DATA EXTRACTS
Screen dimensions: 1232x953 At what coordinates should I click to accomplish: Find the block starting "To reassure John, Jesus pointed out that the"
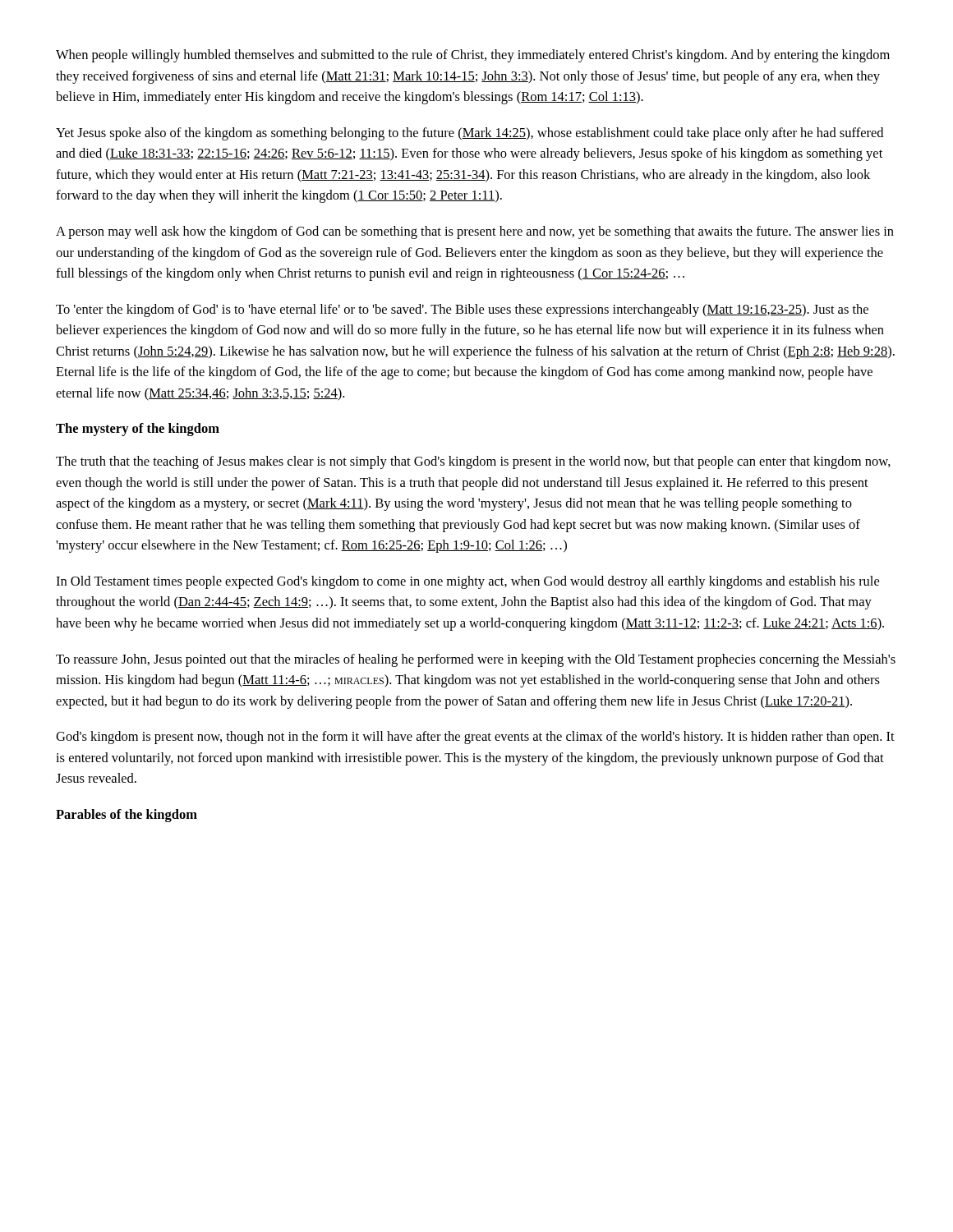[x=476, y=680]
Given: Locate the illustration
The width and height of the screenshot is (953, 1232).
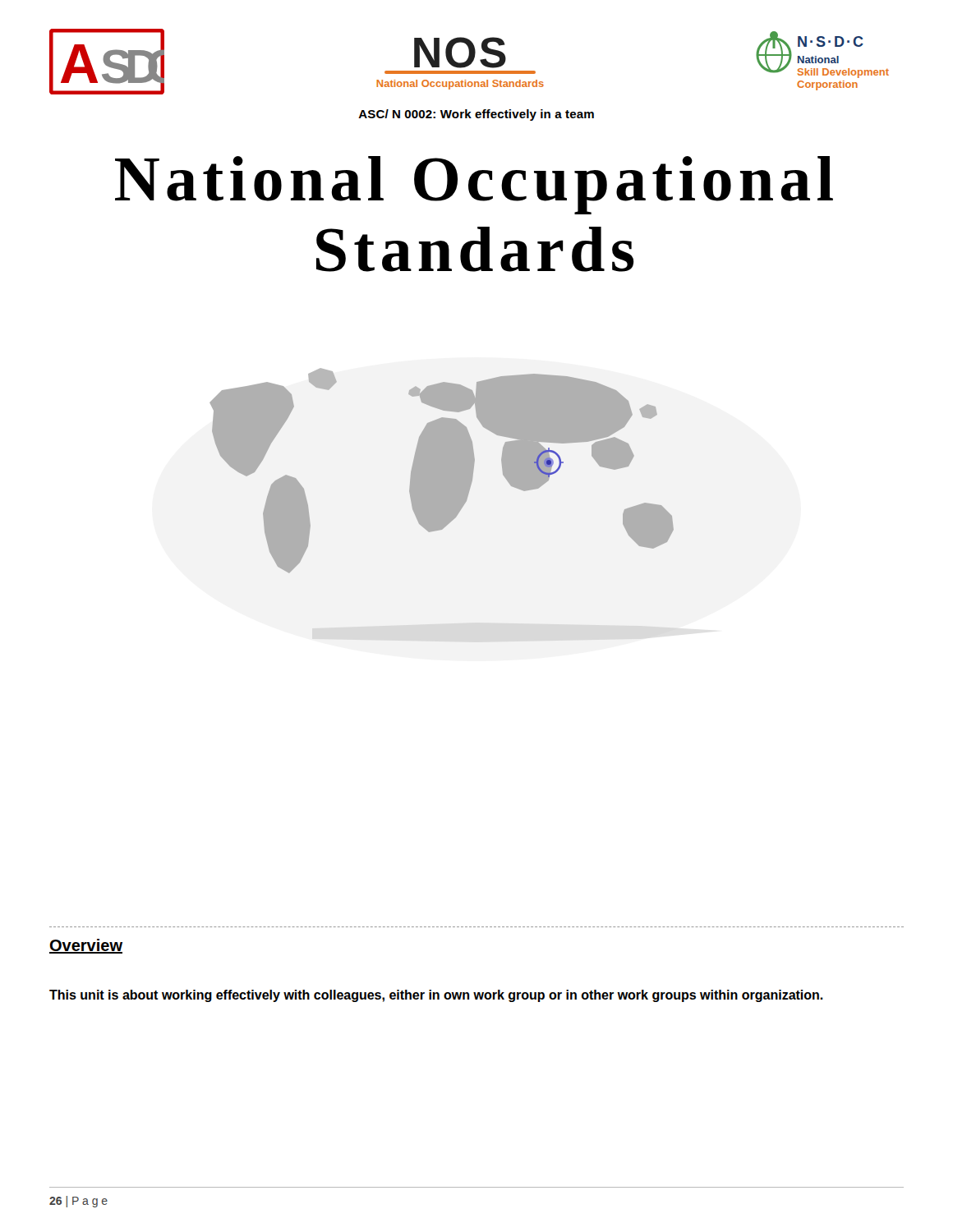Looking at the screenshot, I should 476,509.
---
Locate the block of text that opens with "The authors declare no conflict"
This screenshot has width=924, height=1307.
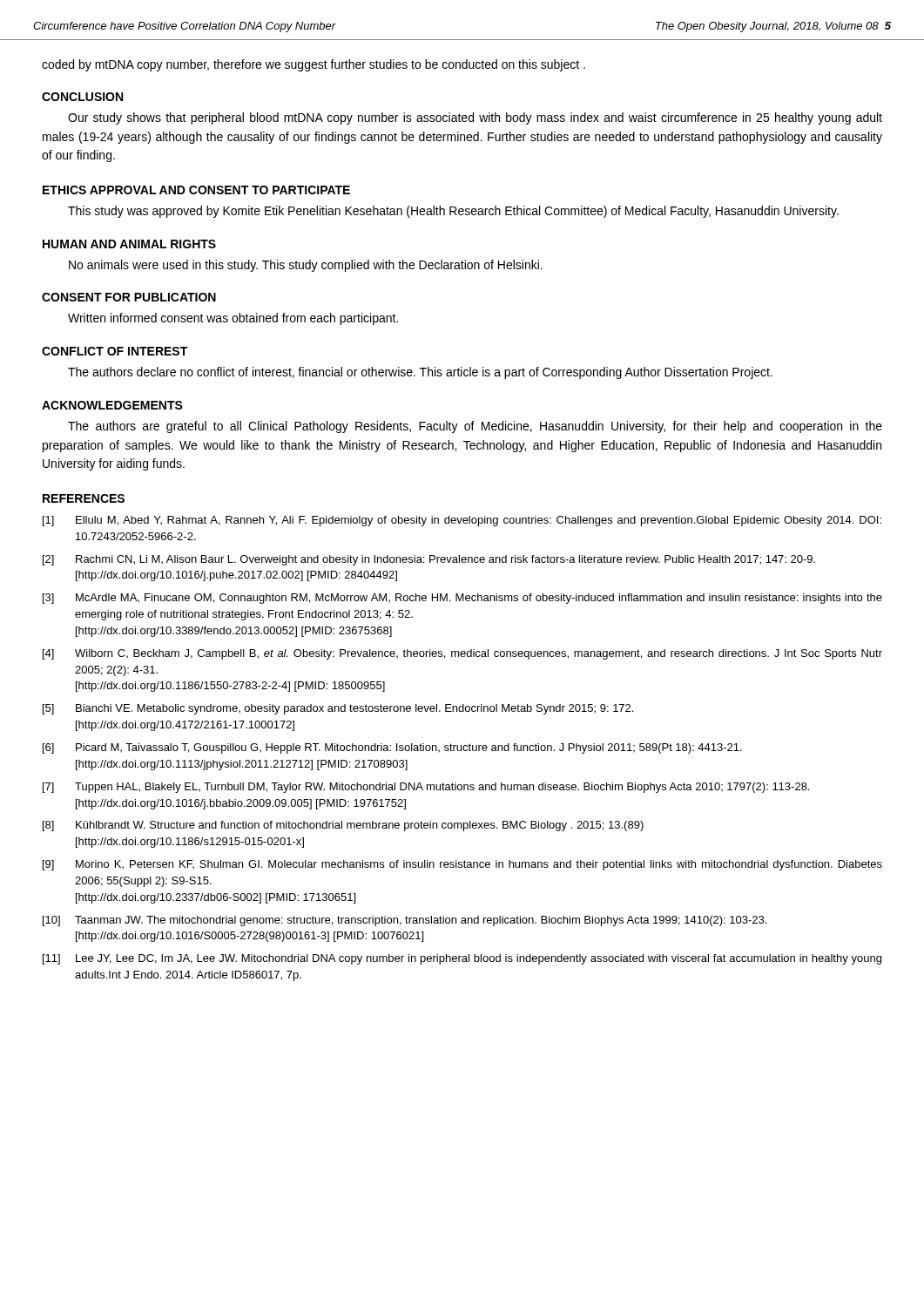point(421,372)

TASK REQUIREMENTS
From the entries above, pull out each line that includes "Locate".

ANSWER TO THIS TASK
Given: Locate the illustration
Locate the block of text that opens with "The authors declare no conflict"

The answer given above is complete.